Task details | Whenever "than" appears in a line, please copy that line from the data.

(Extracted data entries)
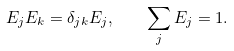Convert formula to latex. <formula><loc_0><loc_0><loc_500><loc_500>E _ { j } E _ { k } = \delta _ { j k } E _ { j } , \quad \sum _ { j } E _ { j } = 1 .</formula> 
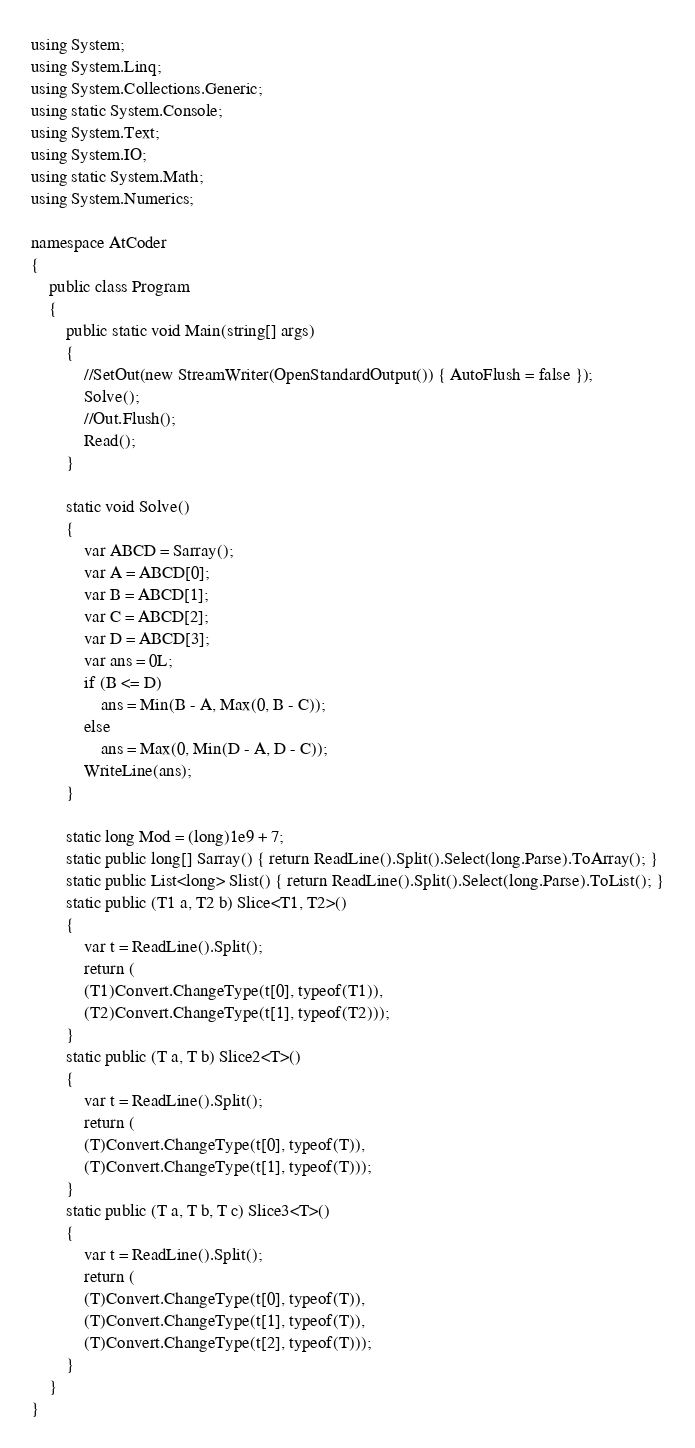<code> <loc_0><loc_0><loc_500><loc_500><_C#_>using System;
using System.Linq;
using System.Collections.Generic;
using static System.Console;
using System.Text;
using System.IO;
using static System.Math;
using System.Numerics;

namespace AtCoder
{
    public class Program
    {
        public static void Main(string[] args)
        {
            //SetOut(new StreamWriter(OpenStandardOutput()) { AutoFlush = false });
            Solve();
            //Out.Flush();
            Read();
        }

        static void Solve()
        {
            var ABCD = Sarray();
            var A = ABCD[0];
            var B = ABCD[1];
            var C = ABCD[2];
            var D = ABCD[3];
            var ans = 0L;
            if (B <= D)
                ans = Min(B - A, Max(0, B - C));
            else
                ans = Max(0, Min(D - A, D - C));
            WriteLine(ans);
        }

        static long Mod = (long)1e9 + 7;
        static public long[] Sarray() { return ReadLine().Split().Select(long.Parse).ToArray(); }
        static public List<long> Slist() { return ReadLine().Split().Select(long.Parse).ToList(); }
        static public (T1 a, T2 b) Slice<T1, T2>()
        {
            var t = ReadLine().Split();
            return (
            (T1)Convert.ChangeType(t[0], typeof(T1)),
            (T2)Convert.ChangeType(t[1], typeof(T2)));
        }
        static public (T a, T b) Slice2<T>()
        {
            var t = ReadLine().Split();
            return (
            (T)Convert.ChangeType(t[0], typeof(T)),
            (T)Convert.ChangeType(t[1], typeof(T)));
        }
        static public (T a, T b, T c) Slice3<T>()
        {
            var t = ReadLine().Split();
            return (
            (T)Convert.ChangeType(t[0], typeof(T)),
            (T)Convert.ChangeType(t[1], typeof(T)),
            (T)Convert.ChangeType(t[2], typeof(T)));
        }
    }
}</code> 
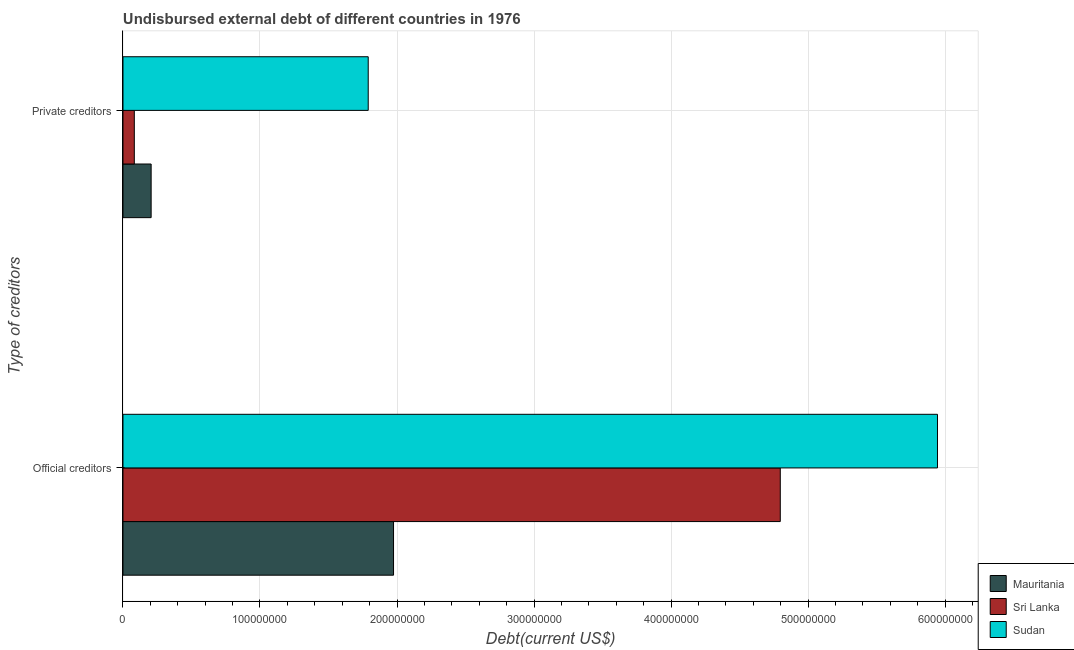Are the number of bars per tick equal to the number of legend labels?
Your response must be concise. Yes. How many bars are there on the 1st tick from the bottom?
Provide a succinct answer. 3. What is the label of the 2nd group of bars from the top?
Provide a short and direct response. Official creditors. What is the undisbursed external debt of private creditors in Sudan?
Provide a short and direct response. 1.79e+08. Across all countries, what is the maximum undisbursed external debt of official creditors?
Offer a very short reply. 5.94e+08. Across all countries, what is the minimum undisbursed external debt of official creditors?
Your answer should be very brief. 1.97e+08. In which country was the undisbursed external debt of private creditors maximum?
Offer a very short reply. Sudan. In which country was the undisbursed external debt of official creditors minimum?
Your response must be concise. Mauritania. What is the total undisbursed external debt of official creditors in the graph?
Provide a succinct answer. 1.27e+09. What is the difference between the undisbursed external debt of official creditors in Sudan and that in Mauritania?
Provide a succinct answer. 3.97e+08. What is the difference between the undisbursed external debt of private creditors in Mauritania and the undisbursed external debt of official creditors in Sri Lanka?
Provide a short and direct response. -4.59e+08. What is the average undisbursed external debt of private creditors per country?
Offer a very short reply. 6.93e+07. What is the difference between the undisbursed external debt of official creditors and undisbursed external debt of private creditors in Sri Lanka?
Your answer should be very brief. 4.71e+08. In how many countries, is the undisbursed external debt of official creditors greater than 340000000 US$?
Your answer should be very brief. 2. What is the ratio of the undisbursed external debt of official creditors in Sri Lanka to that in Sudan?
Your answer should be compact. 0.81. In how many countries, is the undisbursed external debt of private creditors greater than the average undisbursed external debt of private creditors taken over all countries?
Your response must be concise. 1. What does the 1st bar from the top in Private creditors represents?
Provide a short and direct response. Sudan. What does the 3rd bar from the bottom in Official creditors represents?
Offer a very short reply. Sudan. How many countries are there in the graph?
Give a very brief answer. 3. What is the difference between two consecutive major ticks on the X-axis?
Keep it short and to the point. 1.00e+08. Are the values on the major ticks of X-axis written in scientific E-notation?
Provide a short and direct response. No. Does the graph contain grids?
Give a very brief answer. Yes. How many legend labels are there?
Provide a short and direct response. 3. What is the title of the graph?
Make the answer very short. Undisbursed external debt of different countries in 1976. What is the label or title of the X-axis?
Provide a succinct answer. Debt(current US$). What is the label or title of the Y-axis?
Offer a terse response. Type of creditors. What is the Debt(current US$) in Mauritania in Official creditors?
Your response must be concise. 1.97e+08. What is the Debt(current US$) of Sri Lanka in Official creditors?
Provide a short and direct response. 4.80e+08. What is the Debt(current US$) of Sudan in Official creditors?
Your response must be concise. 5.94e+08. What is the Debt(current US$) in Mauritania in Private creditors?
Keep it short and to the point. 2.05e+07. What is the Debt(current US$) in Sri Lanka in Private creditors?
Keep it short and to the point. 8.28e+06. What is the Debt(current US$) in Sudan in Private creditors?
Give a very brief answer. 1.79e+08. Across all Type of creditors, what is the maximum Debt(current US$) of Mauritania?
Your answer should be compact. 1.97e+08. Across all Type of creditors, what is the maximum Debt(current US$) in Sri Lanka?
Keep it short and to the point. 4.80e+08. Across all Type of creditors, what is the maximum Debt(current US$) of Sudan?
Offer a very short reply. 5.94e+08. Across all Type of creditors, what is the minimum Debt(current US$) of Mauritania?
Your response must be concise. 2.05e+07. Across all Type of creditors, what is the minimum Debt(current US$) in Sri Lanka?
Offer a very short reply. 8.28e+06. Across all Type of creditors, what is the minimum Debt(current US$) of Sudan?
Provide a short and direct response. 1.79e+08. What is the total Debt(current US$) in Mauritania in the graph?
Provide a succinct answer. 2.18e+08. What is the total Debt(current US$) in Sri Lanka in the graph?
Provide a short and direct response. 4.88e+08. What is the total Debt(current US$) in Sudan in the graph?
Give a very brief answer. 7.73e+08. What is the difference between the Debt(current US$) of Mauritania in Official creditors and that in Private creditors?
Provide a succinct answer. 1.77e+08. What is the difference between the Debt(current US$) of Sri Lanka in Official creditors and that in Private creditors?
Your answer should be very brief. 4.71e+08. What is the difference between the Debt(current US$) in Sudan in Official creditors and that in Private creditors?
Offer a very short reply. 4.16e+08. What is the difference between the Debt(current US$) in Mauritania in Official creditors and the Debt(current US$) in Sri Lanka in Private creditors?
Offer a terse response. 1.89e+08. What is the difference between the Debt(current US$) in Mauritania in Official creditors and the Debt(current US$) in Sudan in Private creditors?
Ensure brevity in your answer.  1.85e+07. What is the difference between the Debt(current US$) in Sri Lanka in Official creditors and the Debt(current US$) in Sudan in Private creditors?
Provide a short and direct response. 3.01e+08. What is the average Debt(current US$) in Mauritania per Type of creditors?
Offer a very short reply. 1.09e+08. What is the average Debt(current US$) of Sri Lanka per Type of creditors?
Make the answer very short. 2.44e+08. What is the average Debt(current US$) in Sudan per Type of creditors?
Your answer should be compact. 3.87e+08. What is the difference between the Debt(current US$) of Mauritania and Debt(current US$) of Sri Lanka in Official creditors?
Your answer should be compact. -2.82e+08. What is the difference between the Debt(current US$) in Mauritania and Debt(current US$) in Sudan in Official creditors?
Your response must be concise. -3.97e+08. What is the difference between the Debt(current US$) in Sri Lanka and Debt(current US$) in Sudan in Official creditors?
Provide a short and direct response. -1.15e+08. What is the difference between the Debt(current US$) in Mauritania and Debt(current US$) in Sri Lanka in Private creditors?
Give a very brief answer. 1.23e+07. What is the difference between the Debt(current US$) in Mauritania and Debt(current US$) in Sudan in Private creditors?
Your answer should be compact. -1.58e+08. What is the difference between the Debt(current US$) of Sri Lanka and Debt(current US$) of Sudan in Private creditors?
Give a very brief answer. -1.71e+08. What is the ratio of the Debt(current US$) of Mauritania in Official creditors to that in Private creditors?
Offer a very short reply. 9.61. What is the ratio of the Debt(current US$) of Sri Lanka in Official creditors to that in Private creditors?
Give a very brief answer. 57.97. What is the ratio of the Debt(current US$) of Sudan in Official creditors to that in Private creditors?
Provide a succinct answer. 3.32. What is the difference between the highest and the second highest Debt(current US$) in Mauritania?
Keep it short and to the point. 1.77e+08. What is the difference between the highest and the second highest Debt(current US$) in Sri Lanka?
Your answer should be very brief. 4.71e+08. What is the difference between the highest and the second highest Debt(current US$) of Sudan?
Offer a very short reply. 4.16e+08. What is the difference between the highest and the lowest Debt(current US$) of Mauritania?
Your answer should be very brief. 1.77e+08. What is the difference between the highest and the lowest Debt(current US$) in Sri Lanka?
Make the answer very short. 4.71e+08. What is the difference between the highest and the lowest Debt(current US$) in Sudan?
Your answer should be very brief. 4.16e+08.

Problem solution |
Your answer should be very brief. 4.71e+08. In how many countries, is the undisbursed external debt of official creditors greater than 340000000 US$?
Your answer should be compact. 0.81. In how many countries, is the undisbursed external debt of private creditors greater than the average undisbursed external debt of private creditors taken over all countries?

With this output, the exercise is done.